Jane Akre and her news crew for Tampa, Florida television station WTVT recount the battle they had with Fox Broadcasting Company and Monsanto in the late 1990s. She and her fellow reporters planned on airing an investigative report on the negative effects on Posilac. Before the story aired corporate lawyers for Monsanto threatened to sue Fox News if the story went on. The Fox Broadcasting Company owned 23 separate stations at the time and did not want a loss in advertisement dollars so they agreed to cooperate with Monsanto's lawyers. After over 83 rewrites were made to the story it still wasn't aired and the reporters were eventually fired. They sued and won $425,000 in damages but the decision was overturned on appeal after Monsanto lawyers found a way to remove the "whistle-blower” status of the news team. Their status was removed because falsifying news is not technically against the law. Today, some of the US milk supply still comes from cows that have been modified with posilac to produce more milk.

Expansion Plan

The Narrator discusses the Cochabamba protests of 2000 brought on by the privatization of Bolivia's municipal water supply by the Bechtel Corporation. Up to one-quarter of the citizen's income had to go to pay for their water after the takeover and the collection of rainwater was made illegal. This did not sit well with Oscar Olivera and the rest of the Bolivian people so they started a massive riot to gain control of their water back. Six people died and 175 were injured but an agreement was eventually reached were Cochabamba regained full rights of it public water. Howard Zinn next discusses the collusions between fascist Europe and the role of the corporations. As Adolf Hitler and Benito Mussolini rose to power the business climate dramatically improved as radical leftwing dissenters and democratic bureaucracies were abolished. Michael Moore then brings up the collusion between American corporations and the Nazis during WWII. He explains how the IBM punch card computer was used to systematically sort and exterminate political enemies, homosexuals, Jews, and other persecuted groups and how Coca-Cola invented the Fanta orange subsidiary so they could continue making money on both sides throughout the war. The narrator then returns to list several American Corporations such as Chevron, Texaco, Citibank, and Exxon, which had been fined for trading with enemies of the United States. Chomsky and others concluded that a corporation has no national ties and only acts in its own best interest.

Hostile Takeover

The narrator gives the history of the popular General Smedley Butler that was nearly implicated to lead a corporate coup against then US President Franklin Roosevelt in 1934 because the president's New Deal was seen as too progressive. The congressional investigation into the coup revealed some of the top industry players were involved in the plot including, J.P. Morgan, DuPont, and Goodyear Tire. Ira Jackson then goes on to explain how because of globalization governments have lost most of their power and multinational corporations have become the new dominant control. Marc Berry then gives an account of the Critical Thinking Consortium which was a meeting involving the heads of many large corporations and the CIA, NSA, and FBI. This recount shows how corporations work with governments to gain power and control over policy.
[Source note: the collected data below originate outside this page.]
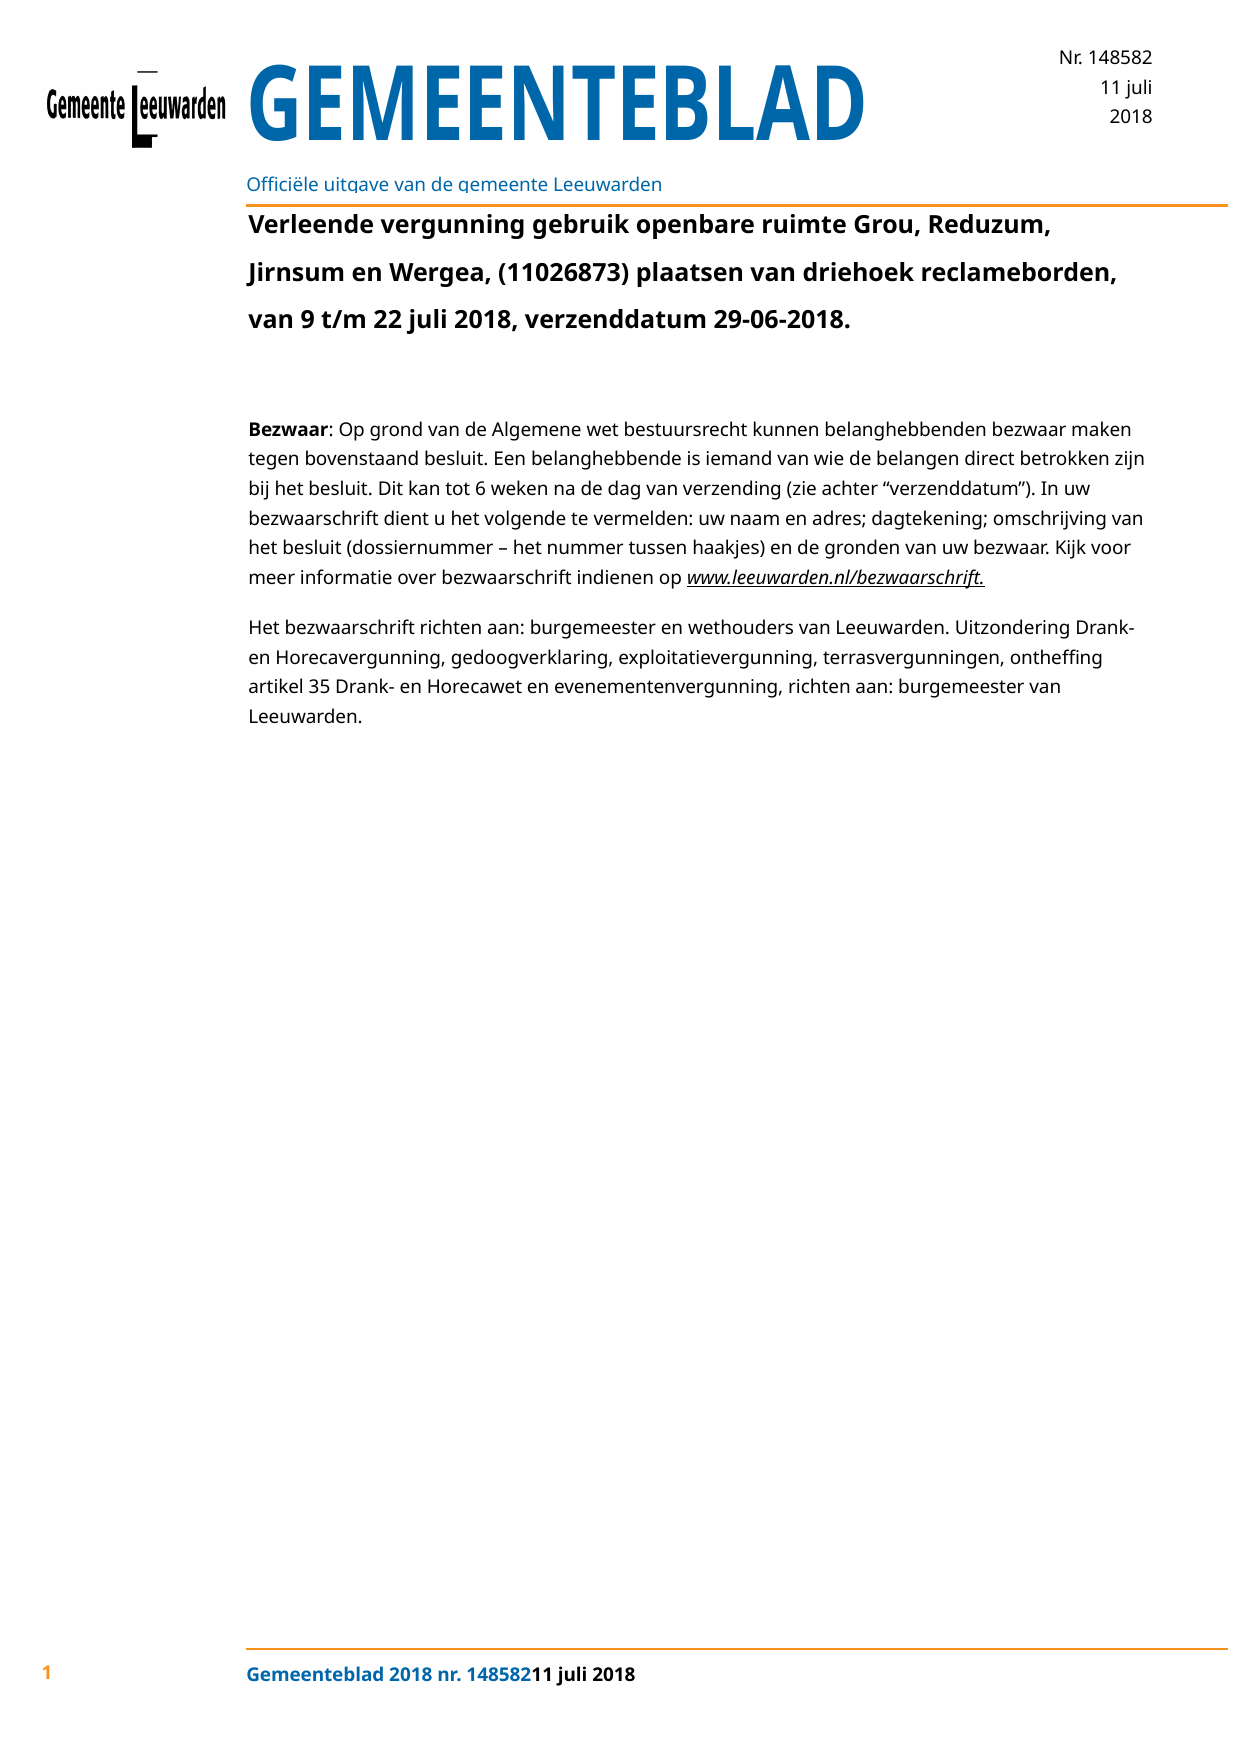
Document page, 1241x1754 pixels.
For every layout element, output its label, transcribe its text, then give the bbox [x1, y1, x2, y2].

text Verleende vergunning gebruik openbare ruimte Grou, Reduzum, Jirnsum en Wergea, (11026873) plaatsen van driehoek reclameborden, van 9 t/m 22 juli 2018, verzenddatum 29-06-2018. [248, 207, 1152, 336]
picture [41, 47, 231, 172]
text Het bezwaarschrift richten aan: burgemeester en wethouders van Leeuwarden. Uitzondering Drank- en Horecavergunning, gedoogverklaring, exploitatievergunning, terrasvergunningen, ontheffing artikel 35 Drank- en Horecawet en evenementenvergunning, richten aan: burgemeester van Leeuwarden. [248, 614, 1152, 729]
text Bezwaar: Op grond van de Algemene wet bestuursrecht kunnen belanghebbenden bezwaar maken tegen bovenstaand besluit. Een belanghebbende is iemand van wie de belangen direct betrokken zijn bij het besluit. Dit kan tot 6 weken na de dag van verzending (zie achter “verzenddatum”). In uw bezwaarschrift dient u het volgende te vermelden: uw naam en adres; dagtekening; omschrijving van het besluit (dossiernummer – het nummer tussen haakjes) en de gronden van uw bezwaar. Kijk voor meer informatie over bezwaarschrift indienen op www.leeuwarden.nl/bezwaarschrift. [248, 416, 1152, 589]

Democracy, Ltd. and Conclusion

The focus of why corporations try to not break laws and try to help others and the environment is examined. After various interviews from Anderson, Chomsky, and others a conclusion is drawn that corporations do these things in order to survive and make more money. Consumers will not buy a product if they feel strongly enough that it is harmful, so corporations manufacture a positive public image through various charities. Naomi Klein then states the biggest flaw in a corporation is the fact that they will do anything for money. Jim Lafferty then discusses the Unocal controversy and how he and many others fought to dismantle the corporation and return it to the public trust. A counterpoint is then made that socialist ideals like that can lead to unfavourable situations like Communist Russia. Moore returns to describe how personal accountability is important. An example given by him is that the main job for the parents of Columbine High School was Lockheed Martin, a company that manufactures weapons. The movie then shows Ray Anderson giving a speech pleading his fellow tycoons to develop sustainable industries so the planet does not get destroyed. This speech is met with guilty looks by other attendees as Anderson proclaims them (and him) to be "plunderers of the earth." The interviewers then all state there is a way to fight the large corporations by working together. Michael Moore ends the film by pointing out the major flaw of a capital oriented entity. The only reason Moore can get his message out is because his documentaries make money for the movie picture corporations. "The rich man will sell you the rope to hang himself."

Interviews

The film also features interviews with prominent corporate critics such as Noam Chomsky, Naomi Klein, Michael Moore, Vandana Shiva and Howard Zinn as well as opinions from company CEOs such as Ray Anderson (from the Interface carpet & fabric company), the conservative viewpoints of Peter Drucker and Milton Friedman, and think tanks advocating free markets such as the Fraser Institute. Interviews also feature Dr. Samuel Epstein with his involvement in a lawsuit against Monsanto for promoting the use of Posilac, (Monsanto's trade name for recombinant Bovine Somatotropin) to induce more milk production in dairy cattle.

The Book

The Corporation: The Pathological Pursuit of Profit and Power written by Joel Bakan and first published in hardcover in Canada in 2004. The book is an extended look at the corporation and follows the same themes discussed in the movie. It has since been published in softcover.

Creators

The film was written by Joel Bakan, and co-directed by Mark Achbar and Jennifer Abbott. The documentary has been displayed worldwide, on TV (sometimes in 3 parts) and is also available in DVD. Director Mark Achbar recently released an official filmmakers' download edition on the file sharing network BitTorrent. ' The Corporation: The Pathological Pursuit of Profit and Power is also the title of a book (ISBN 0-7432-4744-2) written by Bakan during the filming of the documentary.

Criticism

The Maoist Internationalist Movement, in their review criticizes the film for depicting the communist party in an unfavourable light, while adopting an anarchist approach favouring direct democracy and worker's councils without emphasizing the need for a centralized bureaucracy. The film, in their view "offers no realistic alternative to imperialism" and "it shares some of the strengths and downfalls" of Mark Achbar's film Manufacturing Consent, which celebrated the life of anarcho-syndicalist, linguist, and activist Noam Chomsky. In their view, "corporate power for profit [is] not the same as megabureaucracy without profit."[1]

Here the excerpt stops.